How is capacity planning calculated? Do the calculations and assumptions seem reasonable?

How does future capacity planning link to the wider forecasting of arrears levels?

How are future arrears calculated (use of economic climate predictions, product, customer predictions, etc)?

How are new products included/training of new staff considered in capacity planning?

Are product maturities /any other activities the collections team has to handle built into capacity planning?

What is the lead time for recruiting and training new staff and how far out is the forecasting?

Is the forecasting really being used in practice?

What level of staff turnover is built into the model? If staff numbers are expected to grow, have assumptions around supervision been built into the calculation?

How is the work for the staff assigned and monitored?

Is the workflow tool effective?

The individual parts of the collections process could be performed as specific audits or as an end-to-end review:

A) Customer communications

  • Is the tone of the customer communication appropriate, not aggressive and easy to understand?
  • Are fees and charges being adequately flagged as required per regulation and not buried in small print?
  • Are the communications the right frequency, not harassing the customer and providing the right level of guidance?
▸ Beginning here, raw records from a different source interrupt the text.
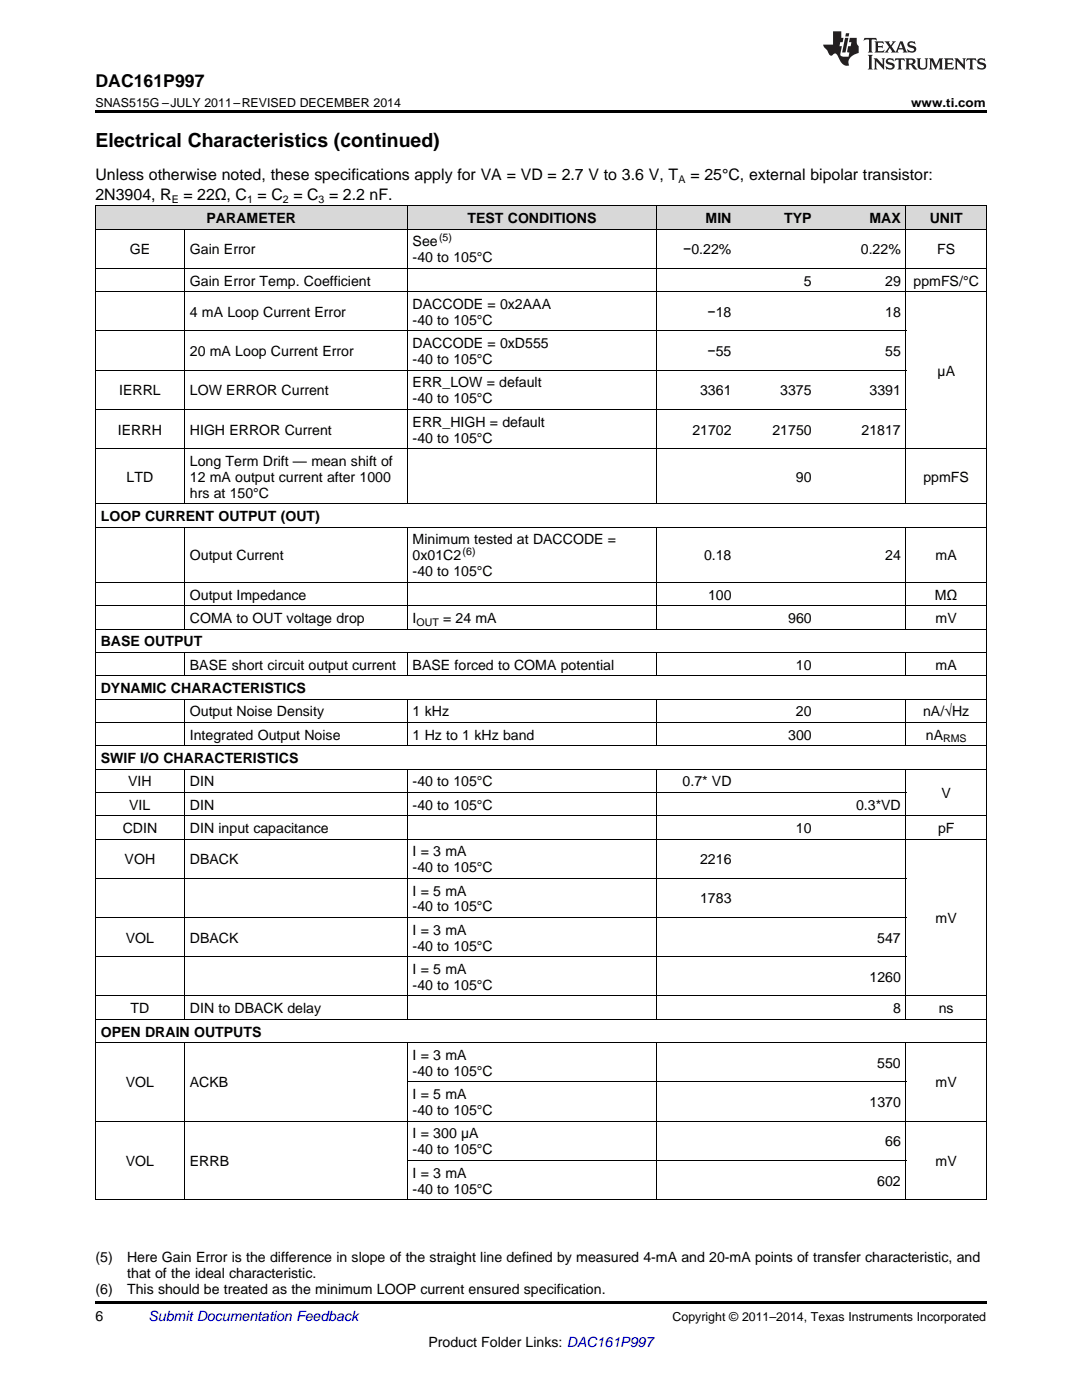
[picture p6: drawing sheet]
<svg xmlns="http://www.w3.org/2000/svg" width="216mm" height="279mm" viewBox="0 0 216 279" stroke-linecap="round" stroke-linejoin="round" font-family="sans-serif">
<defs><g id="words">
<text font-size="3.9" x="19" y="29.3">Electrical Characteristics (continued)</text>
<text font-size="3.5" x="19" y="17.3">DAC161P997</text>
<g font-size="3.2">
<text x="19" y="36">Unless otherwise noted, these specifications apply for VA = VD = 2.7 V to 3.6 V, T</text>
<text x="137.8" y="36">= 25°C, external bipolar transistor:</text>
<text x="19" y="39.9">2N3904, R</text>
<text x="36.6" y="39.9">= 22Ω, C = C = C = 2.2 nF.</text>
</g>
<g font-size="2.8">
<text x="41.2" y="44.5">PARAMETER</text>
<text x="93.3" y="44.5">TEST CONDITIONS</text>
<text x="140.8" y="44.5">MIN</text>
<text x="156.5" y="44.5">TYP</text>
<text x="173.5" y="44.5">MAX</text>
<text x="185.5" y="44.5">UNIT</text>
<text x="25.9" y="50.8">GE</text>
<text x="37.9" y="50.8">Gain Error</text>
<text x="82.3" y="49.2">See</text>
<text x="82.3" y="52.4">-40 to 105°C</text>
<text x="136.3" y="50.8">−0.22%</text>
<text x="171.8" y="50.8">0.22%</text>
<text x="187" y="50.8">FS</text>
<text x="37.9" y="57">Gain Error Temp. Coefficient</text>
<text x="160.4" y="57">5</text>
<text x="176.6" y="57">29</text>
<text x="182.3" y="57">ppmFS/°C</text>
<text x="37.9" y="63.3">4 mA Loop Current Error</text>
<text x="82.3" y="61.7">DACCODE = 0x2AAA</text>
<text x="82.3" y="64.8">-40 to 105°C</text>
<text x="141.2" y="63.3">−18</text>
<text x="176.6" y="63.3">18</text>
<text x="37.9" y="71.1">20 mA Loop Current Error</text>
<text x="82.3" y="69.5">DACCODE = 0xD555</text>
<text x="141.2" y="71.1">−55</text>
<text x="176.6" y="71.1">55</text>
<text x="82.3" y="72.7">-40 to 105°C</text>
<text x="82.3" y="77.3">ERR_LOW = default</text>
<text x="187.1" y="75">µA</text>
<text x="23.8" y="78.9">IERRL</text>
<text x="37.9" y="78.9">LOW ERROR Current</text>
<text x="82.3" y="80.5">-40 to 105°C</text>
<text x="139.7" y="78.9">3361</text>
<text x="155.7" y="78.9">3375</text>
<text x="173.5" y="78.9">3391</text>
<text x="23.5" y="86.7">IERRH</text>
<text x="37.9" y="86.7">HIGH ERROR Current</text>
<text x="82.3" y="85.2">ERR_HIGH = default</text>
<text x="82.3" y="88.3">-40 to 105°C</text>
<text x="138.1" y="86.7">21702</text>
<text x="154.1" y="86.7">21750</text>
<text x="171.9" y="86.7">21817</text>
<text x="37.9" y="93">Long Term Drift — mean shift of</text>
<text x="25.3" y="96.2">LTD</text>
<text x="37.9" y="96.2">12 mA output current after 1000</text>
<text x="37.9" y="99.3">hrs at 150°C</text>
<text x="158.8" y="96.2">90</text>
<text x="184.3" y="96.2">ppmFS</text>
<text x="20.1" y="104">LOOP CURRENT OUTPUT (OUT)</text>
<text x="37.9" y="111.8">Output Current</text>
<text x="82.3" y="108.7">Minimum tested at DACCODE =</text>
<text x="82.3" y="111.8">0x01C2</text>
<text x="140.5" y="111.8">0.18</text>
<text x="176.6" y="111.8">24</text>
<text x="186.7" y="111.8">mA</text>
<text x="37.9" y="119.7">Output Impedance</text>
<text x="82.3" y="115">-40 to 105°C</text>
<text x="141.3" y="119.7">100</text>
<text x="186.5" y="119.7">MΩ</text>
<text x="37.9" y="124.3">COMA to OUT voltage drop</text>
<text x="82.3" y="124.3">I</text>
<text x="88.4" y="124.3">= 24 mA</text>
<text x="157.3" y="124.3">960</text>
<text x="186.7" y="124.3">mV</text>
<text x="20.1" y="129">BASE OUTPUT</text>
<text x="37.9" y="133.6">BASE short circuit output current</text>
<text x="82.3" y="133.6">BASE forced to COMA potential</text>
<text x="158.8" y="133.6">10</text>
<text x="186.7" y="133.6">mA</text>
<text x="20.1" y="138.3">DYNAMIC CHARACTERISTICS</text>
<text x="37.9" y="142.9">Output Noise Density</text>
<text x="82.3" y="142.9">1 kHz</text>
<text x="158.8" y="142.9">20</text>
<text x="184.2" y="142.9">nA/√Hz</text>
<text x="37.9" y="147.6">Integrated Output Noise</text>
<text x="82.3" y="147.6">1 Hz to 1 kHz band</text>
<text x="157.3" y="147.6">300</text>
<text x="184.7" y="147.6">nA</text>
<text x="20.1" y="152.3">SWIF I/O CHARACTERISTICS</text>
<text x="25.6" y="156.9">VIH</text>
<text x="25.8" y="161.6">VIL</text>
<text x="37.9" y="156.9">DIN</text>
<text x="37.9" y="161.6">DIN</text>
<text x="82.3" y="156.9">-40 to 105°C</text>
<text x="82.3" y="161.6">-40 to 105°C</text>
<text x="136.2" y="156.9">0.7* VD</text>
<text x="170.8" y="161.6">0.3*VD</text>
<text x="187.9" y="159.2">V</text>
<text x="24.5" y="166.2">CDIN</text>
<text x="37.9" y="166.2">DIN input capacitance</text>
<text x="158.8" y="166.2">10</text>
<text x="187.2" y="166.2">pF</text>
<text x="24.9" y="172.5">VOH</text>
<text x="37.9" y="172.5">DBACK</text>
<text x="82.3" y="170.9">I = 3 mA</text>
<text x="139.7" y="172.5">2216</text>
<text x="82.3" y="174.1">-40 to 105°C</text>
<text x="82.3" y="178.7">I = 5 mA</text>
<text x="82.3" y="181.9">-40 to 105°C</text>
<text x="139.7" y="180.3">1783</text>
<text x="186.7" y="184.2">mV</text>
<text x="25.1" y="188.1">VOL</text>
<text x="37.9" y="188.1">DBACK</text>
<text x="82.3" y="186.5">I = 3 mA</text>
<text x="82.3" y="189.7">-40 to 105°C</text>
<text x="175" y="188.1">547</text>
<text x="82.3" y="194.4">I = 5 mA</text>
<text x="82.3" y="197.6">-40 to 105°C</text>
<text x="173.5" y="196">1260</text>
<text x="26" y="202.2">TD</text>
<text x="37.9" y="202.2">DIN to DBACK delay</text>
<text x="178.2" y="202.2">8</text>
<text x="187.3" y="202.2">ns</text>
<text x="20.1" y="206.9">OPEN DRAIN OUTPUTS</text>
<text x="82.3" y="211.5">I = 3 mA</text>
<text x="82.3" y="214.7">-40 to 105°C</text>
<text x="175" y="213.1">550</text>
<text x="25.1" y="217">VOL</text>
<text x="37.9" y="217">ACKB</text>
<text x="82.3" y="219.4">I = 5 mA</text>
<text x="173.5" y="220.9">1370</text>
<text x="186.7" y="217">mV</text>
<text x="82.3" y="222.5">-40 to 105°C</text>
<text x="82.3" y="227.2">I = 300 µA</text>
<text x="25.1" y="232.7">VOL</text>
<text x="37.9" y="232.7">ERRB</text>
<text x="82.3" y="230.4">-40 to 105°C</text>
<text x="176.6" y="228.8">66</text>
<text x="186.7" y="232.7">mV</text>
<text x="82.3" y="235">I = 3 mA</text>
<text x="82.3" y="238.2">-40 to 105°C</text>
<text x="175" y="236.6">602</text>
<text x="19" y="251.9">(5)</text>
<text x="25.4" y="251.9">Here Gain Error is the difference in slope of the straight line defined by measured 4-mA and 20-mA points of transfer characteristic, and</text>
<text x="25.4" y="255.1">that of the ideal characteristic.</text>
<text x="19" y="258.2">(6)</text>
<text x="19" y="263.6">6</text>
<text x="25.4" y="258.2">This should be treated as the minimum LOOP current ensured specification.</text>
<text x="85.5" y="268.9">Product Folder Links: DAC161P997</text>
</g>
<text font-size="2.8" fill="#0000c8" x="29.6" y="263.6">Submit Documentation Feedback</text>
<g font-size="2.5">
<text x="19" y="21.4">SNAS515G –JULY 2011–REVISED DECEMBER 2014</text>
<text x="181.8" y="21.4">www.ti.com</text>
<text x="134.2" y="263.6">Copyright © 2011–2014, Texas Instruments Incorporated</text>
</g>
<g font-size="2.1">
<text x="34.3" y="40.5">E</text>
<text x="49.3" y="40.5">1</text>
<text x="56.4" y="40.5">2</text>
<text x="63.6" y="40.5">3</text>
<text x="135.4" y="36.6">A</text>
<text x="87.6" y="48">(5)</text>
<text x="92.3" y="110.7">(6)</text>
<text x="83.1" y="124.9">OUT</text>
<text x="188.2" y="148.2">RMS</text>
</g>
</g></defs>
<g fill="#d8d8d8">
<path d="M19 41.1h17.8v4.7h-17.8z"/>
<path d="M36.8 41.1h44.5v4.7h-44.5z"/>
<path d="M81.3 41.1h49.8v4.7h-49.8z"/>
<path d="M131.1 41.1h15.9v4.7h-15.9z"/>
<path d="M147 41.1h16.1v4.7h-16.1z"/>
<path d="M163.1 41.1h17.7v4.7h-17.7z"/>
<path d="M180.8 41.1h16v4.7h-16z"/>
</g>
<path d="M19 22h177.8v.5h-177.8zM19 259.7h177.8v.5h-177.8z" fill="#000"/>
<g fill="none" stroke="#000" stroke-width=".2">
<path d="M19 41.1h177.8v198.4M19 58.2h177.8M19 53.6h177.8M19 45.7h177.8M19.1 41.1v198.4M36.8 45.8v54.8M81.2 41.1v59.5M131 41.1v59.5M180.8 41.1v59.5M19 73.9h161.8M19 66.1h161.8M19 89.6h177.8"/>
<path d="M19 81.7h161.8M19 116.2h177.8M19 105.2h177.8M19 100.6h177.8M36.8 105.2v20.4M81.2 105.2v20.4M131 105.2v20.4M180.8 105.2v20.4M19 139.5h177.8M19 134.8h177.8M19 130.2h177.8M19 125.5h177.8"/>
<path d="M19 120.9h177.8M36.8 130.2v4.7M36.8 139.6v9.3M81.2 130.2v4.7M81.2 139.6v9.3M131 130.2v4.7M131 139.6v9.3M180.8 130.2v4.7M180.8 139.6v9.3M19 158.1h161.8M19 153.5h177.8M19 148.8h177.8"/>
<path d="M19 144.2h177.8M36.8 153.5v50M81.2 153.5v50M131 153.5v50M180.8 153.5v50M19 175.3h161.8M19 167.4h177.8M19 162.8h177.8M19 198.8h177.8M19 190.9h161.8M19 183.1h161.8M19 208.1h177.8"/>
<path d="M19 203.4h177.8M36.8 208.1v31.4M81.2 208.1v31.4M81.3 215.9h99.5M131 208.1v31.4M180.8 208.1v31.4M19 239.4h177.8M19 223.7h177.8M81.3 231.6h99.5"/>
</g>
<g fill="#231f20">
<path d="M172.5 7.6l-.1 .5 .4-.2h.6v.1v2.1l-.2 .4h.9l-.2-.4v-2.1l.1-.1h.5l.5 .2-.2-.5zM174.5 8.3l.2 .3v1.5l-.2 .4h1.8l.2-.6a1.04 1.04 0 0 1-1.3 .2v-.7h.6l.3 .2v-.6l-.3 .2h-.6v-.6l.8-.1 .4 .3-.2-.5zM176.5 8.3l.9 1.1-.9 1.1h.8l-.2-.2 .4-.7 .5 .7-.2 .2h1.5l-.2-.2 .2-.4h.9l.1 .4-.2 .2h1l-.3-.3-.7-1.9h-.5l-.9 2-.8-1 .9-1h-.8l.1 .3-.4 .5-.3-.6 .1-.2zM179.7 8.6l.4 1h-.7zM181.3 8.4a.63 .63 0 0 0-.2 .7 .63 .63 0 0 0 .6 .4l.6 .2 .1 .2a.75 .75 0 0 1-.7 .4 .75 .75 0 0 1-.6-.5l.1 .7 .1-.1a1.11 1.11 0 0 0 1.5-.6 1.13 1.13 0 0 0-1.2-.8l-.1-.4a1.04 1.04 0 0 1 1.2 .2l-.2-.5-.2 .1-.4-.2zM173.2 10.9l.2 .4v2.2l-.2 .4h1l-.3-.4v-2.2l.3-.4zM174.3 11.6l.3 .4v1.5l-.3 .4h.8l-.2-.4v-1.3l1.5 1.7v-1.9l.2-.4h-.7l.2 .4v.9l-1.1-1.3zM177 11.8a.62 .62 0 0 0-.2 .7 .62 .62 0 0 0 .6 .4l.6 .1 .1 .3a.76 .76 0 0 1-.7 .3 .76 .76 0 0 1-.7-.4l.2 .7 .1-.1a1.11 1.11 0 0 0 1.5-.6 1.13 1.13 0 0 0-1.2-.8l-.1-.4a1.04 1.04 0 0 1 1.2 .2l-.2-.6-.2 .1-.5-.1zM178.7 11.6l-.2 .6a.61 .61 0 0 1 .8-.3v1.6l-.2 .4h.9l-.2-.4v-1.6a.63 .63 0 0 1 .7 .3l-.1-.6zM180.6 11.6l.3 .4v1.5l-.3 .4h1l-.2-.2-.1-.8 .6 .2a.76 .76 0 0 0 1.2 .7l-1-1a.58 .58 0 0 0 .6-.5 .58 .58 0 0 0-.5-.6zM181.4 11.9h.1a.45 .45 0 0 1 .5 .1 .45 .45 0 0 1 .1 .5l-.8 .2zM182.9 11.6l.2 .2a2.17 2.17 0 0 0 .3 1.9 .99 .99 0 0 0 1.6-.6v-1.1l.2-.4h-.7l.2 .2a1.92 1.92 0 0 1-.2 1.8 .6 .6 0 0 1-.9-.5v-1.1l.2-.4zM185.4 11.6l.2 .4v1.5l-.2 .4h.7l-.2-.4v-1.4l.8 1.8 .8-1.8v1.4l-.2 .4h.9l-.2-.4v-1.5l.2-.4h-.8l-.6 1.5-.6-1.5zM188.4 11.6l.2 .4v1.5l-.2 .4h1.8l.1-.6a1.04 1.04 0 0 1-1.2 .1v-.6h.5l.4 .2v-.6l-.4 .2h-.5v-.7h.8l.3 .3-.1-.6zM190.5 11.6l.2 .4v1.5l-.2 .4h.7l-.2-.4v-1.3l1.5 1.7v-1.9l.2-.4h-.7l.2 .4v.9l-1.1-1.3zM192.9 11.6l-.1 .6a.61 .61 0 0 1 .7-.3l.1 1.6-.3 .4h1l-.3-.4 .1-1.6a.63 .63 0 0 1 .7 .3l-.1-.6zM195.2 11.8a.62 .62 0 0 0-.2 .7 .62 .62 0 0 0 .6 .4l.6 .1 .1 .3a.76 .76 0 0 1-.7 .3 .76 .76 0 0 1-.6-.4l.1 .7 .1-.1a1.11 1.11 0 0 0 1.6-.6 1.13 1.13 0 0 0-1.3-.8l-.1-.4a1.04 1.04 0 0 1 1.2 .2l-.1-.6-.2 .1-.5-.1z"/>
<path d="M166.2 6.3v2.6h-1.9v.4l.8 .9a.91 .91 0 0 0 1 .8 .56 .56 0 0 1 .5-.3 .56 .56 0 0 1 .5 .3l.4 .8a1.53 1.53 0 0 0 1.9 1.2 1.54 1.54 0 0 1 1-2.1l.9-.3v-1.4a1.52 1.52 0 0 1-.4-1.6h-1.3l-.2 .8h.5l-.2 .8h-.5l-.1 1v.2l.4 .1-.2 .8a1.93 1.93 0 0 1-1.6-.3l.3-1.8h-.5l.2-.8h.4l.2-.8h-.4v-1.3zM168.6 7.6l-.6 2.9h.7l.6-2.9zM168.8 6.6l-.1 .7h.6l.2-.7z"/>
</g>
<use href="#words"/>
</svg>

Morever, are the communications not duplicated across the journey?
  • Is the timing of calls suitable?
  • Are the customer communications suitably adapted to the individual customer needs, particularly vulnerable customers?
  • Are there various channels easily available (not just an automated journey)? Is it easy for a customer to switch between channels (online, postal, voice)?
  • Are various channels utilised when a customer is not easily contactable?
  • Are channels of communications blocked if breathing space has been requested?
  • Are the appropriate statements/letters being sent, as per regulatory requirements in terms of content and timing? Are these automated or manual? If using physical mailing, is appropriate action taken when mail is returned?
  • Is there adequate signage to debt advice helplines and the appropriate support guidance included where required across the channels?
  • Are the letters and notices reviewed on a periodic basis by compliance to ensure they still meet current regulatory guidance?
  • Does management understand how their customer channels are being utilised?
  • Is dialler management in line with Ofcom rules?
  • Are vulnerable customers being appropriately identified along with the type of the vulnerability eg deaf, blind, etc? Has the customer agreed to being marked as vulnerable and are they being managed appropriately for their individual circumstances?
  • Is there an appropriate level of team leader and Quality Assurance review performed over the various processes and how is feedback handled?
  • This ties to the framework above but it is important to ensure that management has adequate real time management information and dashboards to oversee the communication processes

B) Customer payments

  • Are the agreed payment arrangements set up correctly and are all elements including any fees being correctly charged?
  • Is the collection of payments in line with payment regulations (ie are credit card number being suppressed, details being removed when appropriate, etc)?
  • What happens when direct debits fail? Is appropriate action taken to re-present the direct debit or collect payment through an alternative method?
  • Where payments are overdue, is this being flagged in a timely manner and are these accounts entering a collections process in a timely manner?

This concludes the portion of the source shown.